What you should do:
Pictures are not part of the copy; retype all the records below exactly.

Data records:

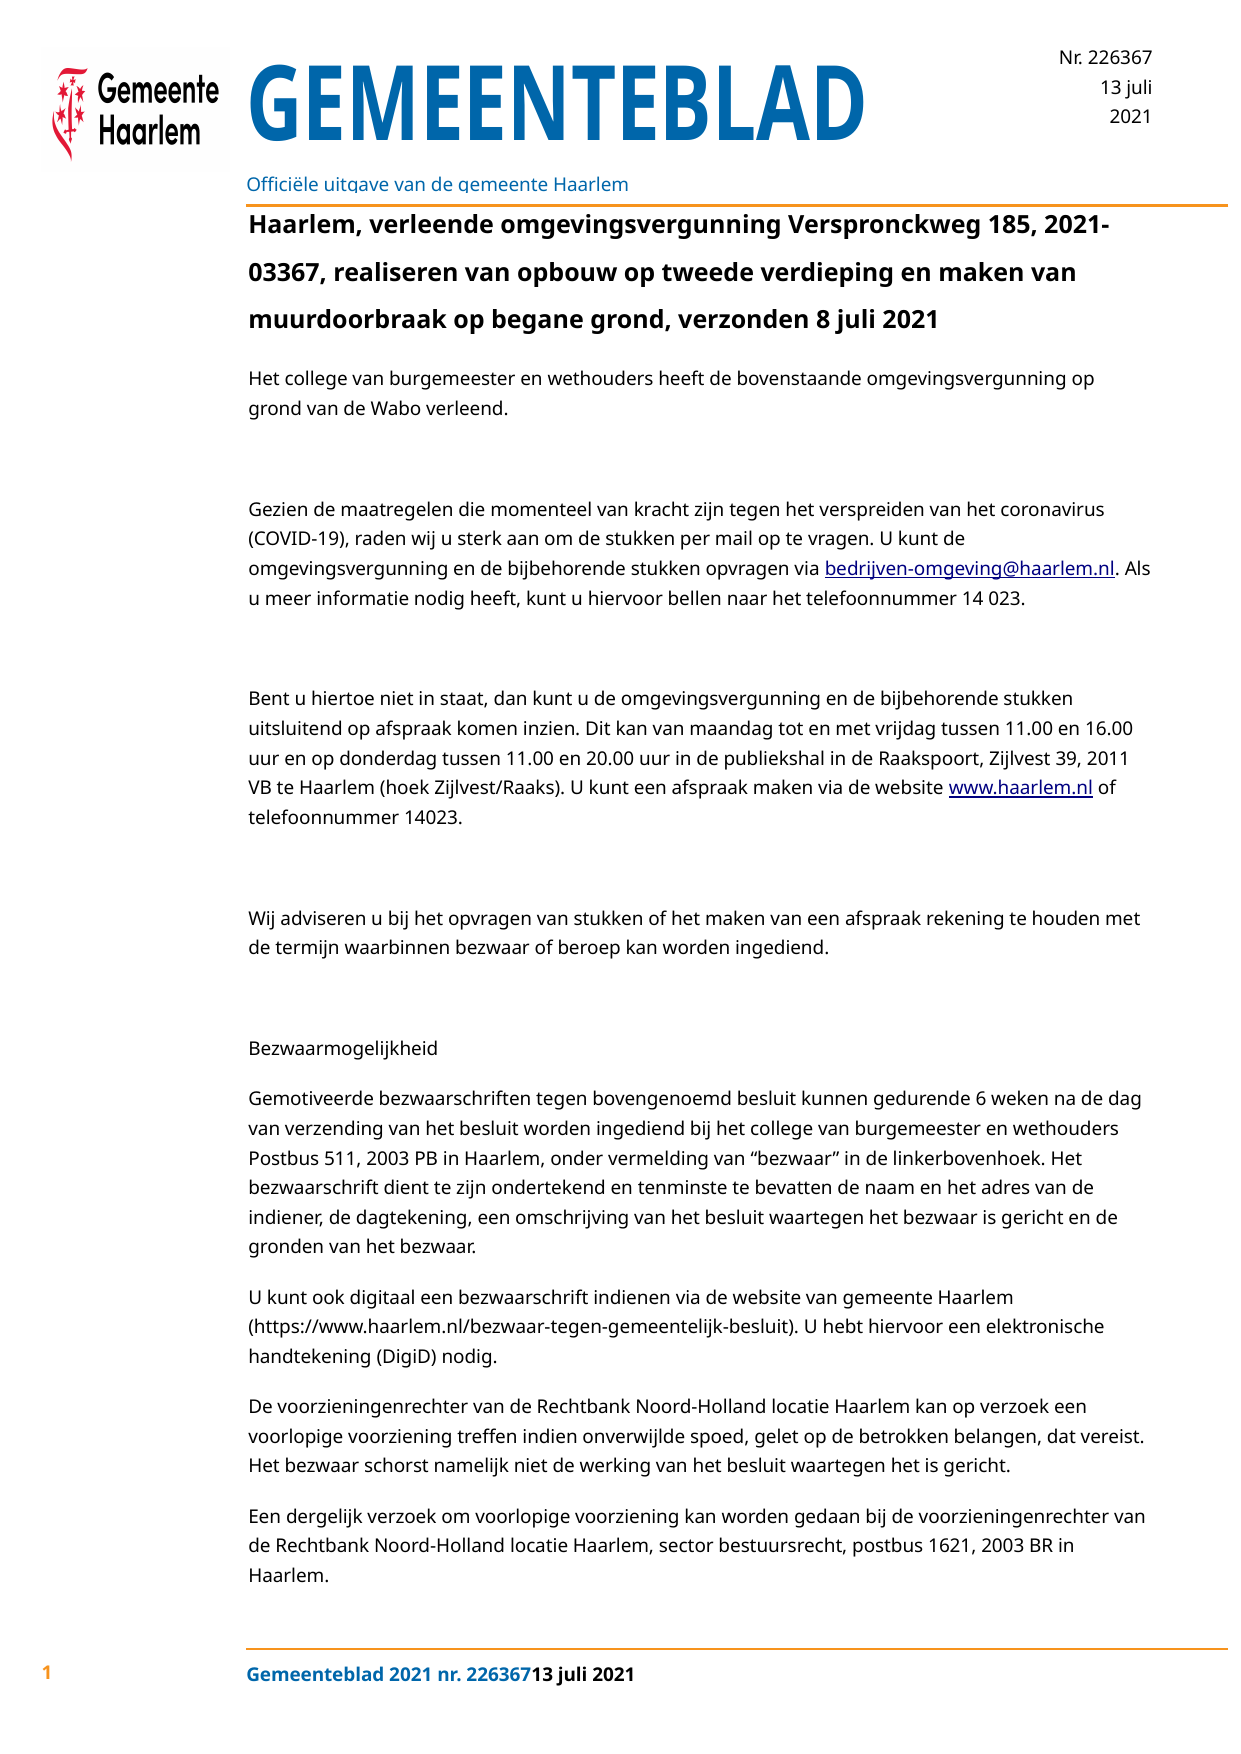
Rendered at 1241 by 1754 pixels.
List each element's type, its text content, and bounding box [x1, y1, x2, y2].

text Gemotiveerde bezwaarschriften tegen bovengenoemd besluit kunnen gedurende 6 weken na de dag van verzending van het besluit worden ingediend bij het college van burgemeester en wethouders Postbus 511, 2003 PB in Haarlem, onder vermelding van “bezwaar” in de linkerbovenhoek. Het bezwaarschrift dient te zijn ondertekend en tenminste te bevatten de naam en het adres van de indiener, de dagtekening, een omschrijving van het besluit waartegen het bezwaar is gericht en de gronden van het bezwaar. [248, 1086, 1152, 1259]
text De voorzieningenrechter van de Rechtbank Noord-Holland locatie Haarlem kan op verzoek een voorlopige voorziening treffen indien onverwijlde spoed, gelet op de betrokken belangen, dat vereist. Het bezwaar schorst namelijk niet de werking van het besluit waartegen het is gericht. [248, 1393, 1152, 1478]
text U kunt ook digitaal een bezwaarschrift indienen via de website van gemeente Haarlem (https://www.haarlem.nl/bezwaar-tegen-gemeentelijk-besluit). U hebt hiervoor een elektronische handtekening (DigiD) nodig. [248, 1284, 1152, 1369]
text Het college van burgemeester en wethouders heeft de bovenstaande omgevingsvergunning op grond van de Wabo verleend. [248, 366, 1152, 421]
text Bezwaarmogelijkheid [248, 1035, 1152, 1061]
text Gezien de maatregelen die momenteel van kracht zijn tegen het verspreiden van het coronavirus (COVID-19), raden wij u sterk aan om de stukken per mail op te vragen. U kunt de omgevingsvergunning en de bijbehorende stukken opvragen via bedrijven-omgeving@haarlem.nl. Als u meer informatie nodig heeft, kunt u hiervoor bellen naar het telefoonnummer 14 023. [248, 496, 1152, 610]
picture [41, 47, 231, 172]
text Een dergelijk verzoek om voorlopige voorziening kan worden gedaan bij de voorzieningenrechter van de Rechtbank Noord-Holland locatie Haarlem, sector bestuursrecht, postbus 1621, 2003 BR in Haarlem. [248, 1503, 1152, 1588]
text Haarlem, verleende omgevingsvergunning Verspronckweg 185, 2021-03367, realiseren van opbouw op tweede verdieping en maken van muurdoorbraak op begane grond, verzonden 8 juli 2021 [248, 207, 1152, 336]
text Wij adviseren u bij het opvragen van stukken of het maken van een afspraak rekening te houden met de termijn waarbinnen bezwaar of beroep kan worden ingediend. [248, 905, 1152, 960]
text Bent u hiertoe niet in staat, dan kunt u de omgevingsvergunning en de bijbehorende stukken uitsluitend op afspraak komen inzien. Dit kan van maandag tot en met vrijdag tussen 11.00 en 16.00 uur en op donderdag tussen 11.00 en 20.00 uur in de publiekshal in de Raakspoort, Zijlvest 39, 2011 VB te Haarlem (hoek Zijlvest/Raaks). U kunt een afspraak maken via de website www.haarlem.nl of telefoonnummer 14023. [248, 686, 1152, 829]
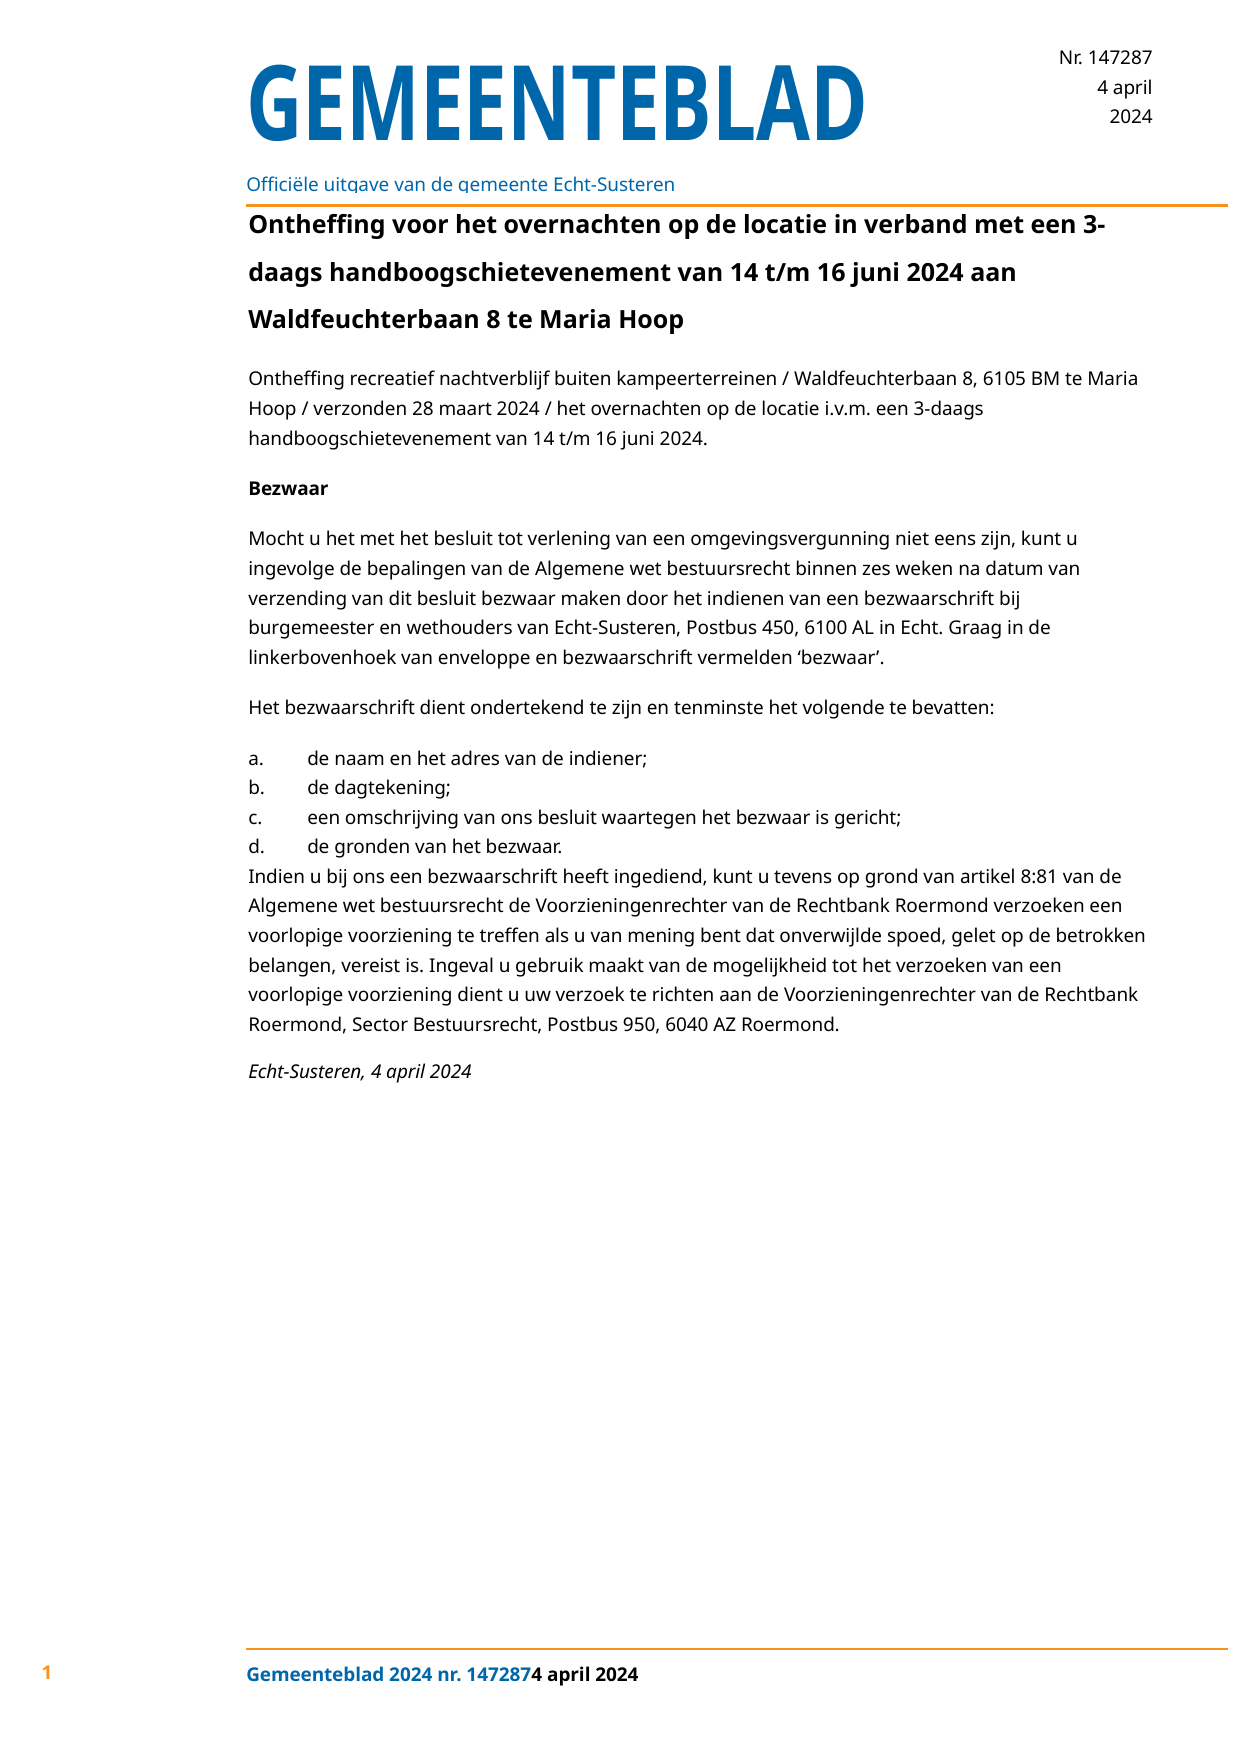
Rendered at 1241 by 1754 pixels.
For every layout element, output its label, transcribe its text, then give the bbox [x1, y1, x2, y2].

list de gronden van het bezwaar. [248, 833, 1152, 859]
text Het bezwaarschrift dient ondertekend te zijn en tenminste het volgende te bevatten: [248, 694, 1152, 720]
text Echt-Susteren, 4 april 2024 [248, 1059, 1152, 1084]
text Mocht u het met het besluit tot verlening van een omgevingsvergunning niet eens zijn, kunt u ingevolge de bepalingen van de Algemene wet bestuursrecht binnen zes weken na datum van verzending van dit besluit bezwaar maken door het indienen van een bezwaarschrift bij burgemeester en wethouders van Echt-Susteren, Postbus 450, 6100 AL in Echt. Graag in de linkerbovenhoek van enveloppe en bezwaarschrift vermelden ‘bezwaar’. [248, 526, 1152, 669]
text Bezwaar [248, 475, 1152, 501]
list een omschrijving van ons besluit waartegen het bezwaar is gericht; [248, 804, 1152, 829]
text Indien u bij ons een bezwaarschrift heeft ingediend, kunt u tevens op grond van artikel 8:81 van de Algemene wet bestuursrecht de Voorzieningenrechter van de Rechtbank Roermond verzoeken een voorlopige voorziening te treffen als u van mening bent dat onverwijlde spoed, gelet op de betrokken belangen, vereist is. Ingeval u gebruik maakt van de mogelijkheid tot het verzoeken van een voorlopige voorziening dient u uw verzoek te richten aan de Voorzieningenrechter van de Rechtbank Roermond, Sector Bestuursrecht, Postbus 950, 6040 AZ Roermond. [248, 863, 1152, 1037]
text Ontheffing recreatief nachtverblijf buiten kampeerterreinen / Waldfeuchterbaan 8, 6105 BM te Maria Hoop / verzonden 28 maart 2024 / het overnachten op de locatie i.v.m. een 3-daags handboogschietevenement van 14 t/m 16 juni 2024. [248, 366, 1152, 450]
text Ontheffing voor het overnachten op de locatie in verband met een 3-daags handboogschietevenement van 14 t/m 16 juni 2024 aan Waldfeuchterbaan 8 te Maria Hoop [248, 207, 1152, 336]
list de dagtekening; [248, 774, 1152, 800]
list de naam en het adres van de indiener; [248, 745, 1152, 770]
picture [41, 47, 231, 172]

Answer:
Rendered at 1241 by 1754 pixels.
List each element's type, its text content, and bounding box [x1, y1, x2, y2].

text Gemotiveerde bezwaarschriften tegen bovengenoemd besluit kunnen gedurende 6 weken na de dag van verzending van het besluit worden ingediend bij het college van burgemeester en wethouders Postbus 511, 2003 PB in Haarlem, onder vermelding van “bezwaar” in de linkerbovenhoek. Het bezwaarschrift dient te zijn ondertekend en tenminste te bevatten de naam en het adres van de indiener, de dagtekening, een omschrijving van het besluit waartegen het bezwaar is gericht en de gronden van het bezwaar. [248, 1086, 1152, 1259]
text De voorzieningenrechter van de Rechtbank Noord-Holland locatie Haarlem kan op verzoek een voorlopige voorziening treffen indien onverwijlde spoed, gelet op de betrokken belangen, dat vereist. Het bezwaar schorst namelijk niet de werking van het besluit waartegen het is gericht. [248, 1393, 1152, 1478]
text U kunt ook digitaal een bezwaarschrift indienen via de website van gemeente Haarlem (https://www.haarlem.nl/bezwaar-tegen-gemeentelijk-besluit). U hebt hiervoor een elektronische handtekening (DigiD) nodig. [248, 1284, 1152, 1369]
text Het college van burgemeester en wethouders heeft de bovenstaande omgevingsvergunning op grond van de Wabo verleend. [248, 366, 1152, 421]
text Bezwaarmogelijkheid [248, 1035, 1152, 1061]
text Gezien de maatregelen die momenteel van kracht zijn tegen het verspreiden van het coronavirus (COVID-19), raden wij u sterk aan om de stukken per mail op te vragen. U kunt de omgevingsvergunning en de bijbehorende stukken opvragen via bedrijven-omgeving@haarlem.nl. Als u meer informatie nodig heeft, kunt u hiervoor bellen naar het telefoonnummer 14 023. [248, 496, 1152, 610]
picture [41, 47, 231, 172]
text Een dergelijk verzoek om voorlopige voorziening kan worden gedaan bij de voorzieningenrechter van de Rechtbank Noord-Holland locatie Haarlem, sector bestuursrecht, postbus 1621, 2003 BR in Haarlem. [248, 1503, 1152, 1588]
text Haarlem, verleende omgevingsvergunning Verspronckweg 185, 2021-03367, realiseren van opbouw op tweede verdieping en maken van muurdoorbraak op begane grond, verzonden 8 juli 2021 [248, 207, 1152, 336]
text Wij adviseren u bij het opvragen van stukken of het maken van een afspraak rekening te houden met de termijn waarbinnen bezwaar of beroep kan worden ingediend. [248, 905, 1152, 960]
text Bent u hiertoe niet in staat, dan kunt u de omgevingsvergunning en de bijbehorende stukken uitsluitend op afspraak komen inzien. Dit kan van maandag tot en met vrijdag tussen 11.00 en 16.00 uur en op donderdag tussen 11.00 en 20.00 uur in de publiekshal in de Raakspoort, Zijlvest 39, 2011 VB te Haarlem (hoek Zijlvest/Raaks). U kunt een afspraak maken via de website www.haarlem.nl of telefoonnummer 14023. [248, 686, 1152, 829]
Rendered at 1241 by 1754 pixels.
For every layout element, output its label, transcribe its text, then give the bbox [x1, y1, x2, y2].

list de gronden van het bezwaar. [248, 833, 1152, 859]
text Het bezwaarschrift dient ondertekend te zijn en tenminste het volgende te bevatten: [248, 694, 1152, 720]
text Echt-Susteren, 4 april 2024 [248, 1059, 1152, 1084]
text Mocht u het met het besluit tot verlening van een omgevingsvergunning niet eens zijn, kunt u ingevolge de bepalingen van de Algemene wet bestuursrecht binnen zes weken na datum van verzending van dit besluit bezwaar maken door het indienen van een bezwaarschrift bij burgemeester en wethouders van Echt-Susteren, Postbus 450, 6100 AL in Echt. Graag in de linkerbovenhoek van enveloppe en bezwaarschrift vermelden ‘bezwaar’. [248, 526, 1152, 669]
text Bezwaar [248, 475, 1152, 501]
list een omschrijving van ons besluit waartegen het bezwaar is gericht; [248, 804, 1152, 829]
text Indien u bij ons een bezwaarschrift heeft ingediend, kunt u tevens op grond van artikel 8:81 van de Algemene wet bestuursrecht de Voorzieningenrechter van de Rechtbank Roermond verzoeken een voorlopige voorziening te treffen als u van mening bent dat onverwijlde spoed, gelet op de betrokken belangen, vereist is. Ingeval u gebruik maakt van de mogelijkheid tot het verzoeken van een voorlopige voorziening dient u uw verzoek te richten aan de Voorzieningenrechter van de Rechtbank Roermond, Sector Bestuursrecht, Postbus 950, 6040 AZ Roermond. [248, 863, 1152, 1037]
text Ontheffing recreatief nachtverblijf buiten kampeerterreinen / Waldfeuchterbaan 8, 6105 BM te Maria Hoop / verzonden 28 maart 2024 / het overnachten op de locatie i.v.m. een 3-daags handboogschietevenement van 14 t/m 16 juni 2024. [248, 366, 1152, 450]
text Ontheffing voor het overnachten op de locatie in verband met een 3-daags handboogschietevenement van 14 t/m 16 juni 2024 aan Waldfeuchterbaan 8 te Maria Hoop [248, 207, 1152, 336]
list de dagtekening; [248, 774, 1152, 800]
list de naam en het adres van de indiener; [248, 745, 1152, 770]
picture [41, 47, 231, 172]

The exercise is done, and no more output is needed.